CamVid [2] is a road scene understanding database. It contains 367 images for training, 100 images for validation, and 233 image for testing. To facilitate fair comparison, we do not use the 100 images of validation split as ENet [22] in our experiment. The original frame resolution for this database is 960 × 720. We downsampled all images into 480 × 360 as the reference methods. The images were manually annotated with 32 classes. As suggested in [31], we make use of a subset of 11 classes, including building, tree, sky, car, sign, road, pedestrian, fence, pole, sidewalk and bicyclist.

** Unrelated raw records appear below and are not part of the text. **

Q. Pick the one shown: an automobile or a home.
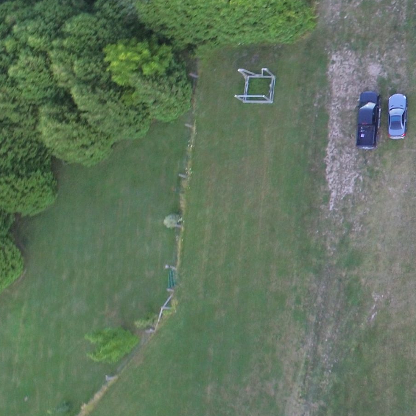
automobile
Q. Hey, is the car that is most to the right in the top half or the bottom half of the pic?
top
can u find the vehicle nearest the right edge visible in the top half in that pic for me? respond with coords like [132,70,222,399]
[385,94,409,139]
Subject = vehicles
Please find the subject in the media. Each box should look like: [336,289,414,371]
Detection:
[385,94,409,139]
[355,92,383,152]
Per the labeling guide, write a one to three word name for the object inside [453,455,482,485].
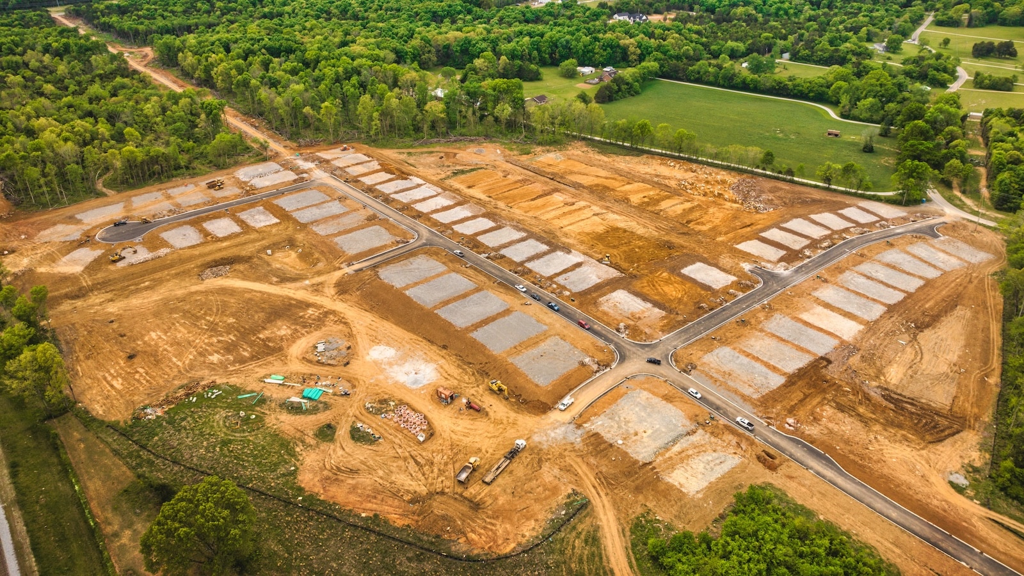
truck
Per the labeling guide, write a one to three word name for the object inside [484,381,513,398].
work vehicle
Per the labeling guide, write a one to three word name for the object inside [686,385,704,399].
car
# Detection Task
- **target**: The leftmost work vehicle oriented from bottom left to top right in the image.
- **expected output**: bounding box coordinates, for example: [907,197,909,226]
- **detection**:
[104,240,140,263]
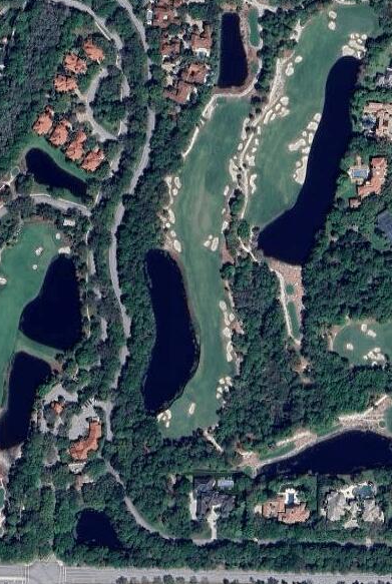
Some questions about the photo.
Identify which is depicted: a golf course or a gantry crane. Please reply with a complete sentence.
There is a golf course in the scene.
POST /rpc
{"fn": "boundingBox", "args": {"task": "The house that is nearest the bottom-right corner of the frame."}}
[345,497,385,527]
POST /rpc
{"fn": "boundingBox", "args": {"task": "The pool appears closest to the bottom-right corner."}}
[352,484,375,499]

The detailed results for each category are shown in Table 4. Note that the result of ENet is obtained from the original paper [22]. For a convenience view, we also include the result of SegNet [1] also provided from [22]. Our method achieves an accuracy score of 71.0% and mean IoU score of 61.1%, which are both significant higher than other methods, especially for ENet [22]. Several visual examples are shown in Fig. 5. We find that our method generate more clean and steady prediction than ENet.

Table 4 Results on CamVid test set

Kitti Dataset

Kitti [9] is one of the most popular datasets for autonomous driving. It contains many tasks, such as tracking, object detection, and odometry. It does not officially contain ground truth label for semantic segmentation. We employ a subset of images that are manually annotated by Zhang et al. [39]. It totally includes 252 images, where 140 images are for training and 112 for testing. These images were manually annotated with ten object categories, i.e., building, sky, road, vegetation, sidewalk, car, pedestrian, cyclist, signage, and fence. Moreover, the ground truth contains some regions which are not annotated. which is labeled as void. In our experiment, images are uniformly resized to 368 × 1232 for training and testing. We employ Kitti as a complement dataset as the image resolution is significant different to the former two.

The results are shown in Table 5. It is easy to find that our method outperforms both baseline and ENet at a large margin. Our approach outperforms other methods in almost all categories. We achieve significant higher accuracy on “pedestrian,” “sidewalk,” and “Fence” categories. We show some qualitative results on Fig. 6. It can be seen that ENet fails to distinguish between pedestrian and cyclist, which is also indicated in Table 5, as its accuracy on “cyclist” is only 0.2%.

Table 5 Results on Kitti test set
Fig. 6
figure 6

Visual comparison on Kitti dataset

Helen Dataset

Helen is a collection of 2330 high resolution face portraits downloaded from Flickr. The dataset was originally collected by Le et al. [17]. Moreover, the segment label annotations are provided by Smith et al. [30]. Eleven segment label types for each image are provided, including face skin, left eyebrow, right eyebrow, left eye, right eye, nose, upper lip, inner mouth, lower lip, hair, and background. The dataset is divided into 2000/230/100 image for training, validation and testing, respectively. The resolutions of each image are varied. So, we resize them into 512×512 in our experiment for convenient comparison.

We evaluate the robustness of our proposed method via Helen. As shown in Table 6, our method still outperforms ENet and baseline method on total different scenario. Several visual examples are illustrated in Fig. 7.

Table 6 Result on Helen test set
Fig. 7
figure 7

Visual comparison on Helen dataset

Conclusion

We have proposed an efficient convolution neural network for semantic image segmentation. Inspired by multi-scale cognitive mechanisms, we introduce a hierarchical dilation block to provide various kinds of filed-of-view for deep neural network. This enables us to adopt multi-scale features effectively. According to cognition-based studies on contextual effects, we provide an effective strategy to integrate context information. The experimental results on urban scene understanding benchmark and face parsing dataset demonstrate the efficacy of our proposed approach.

In spite of the benefits of our proposed blocks, our method is still not able to outperform ENet on all the classes. In the future, we consider to use a robust network backbone and combine some speedup techniques.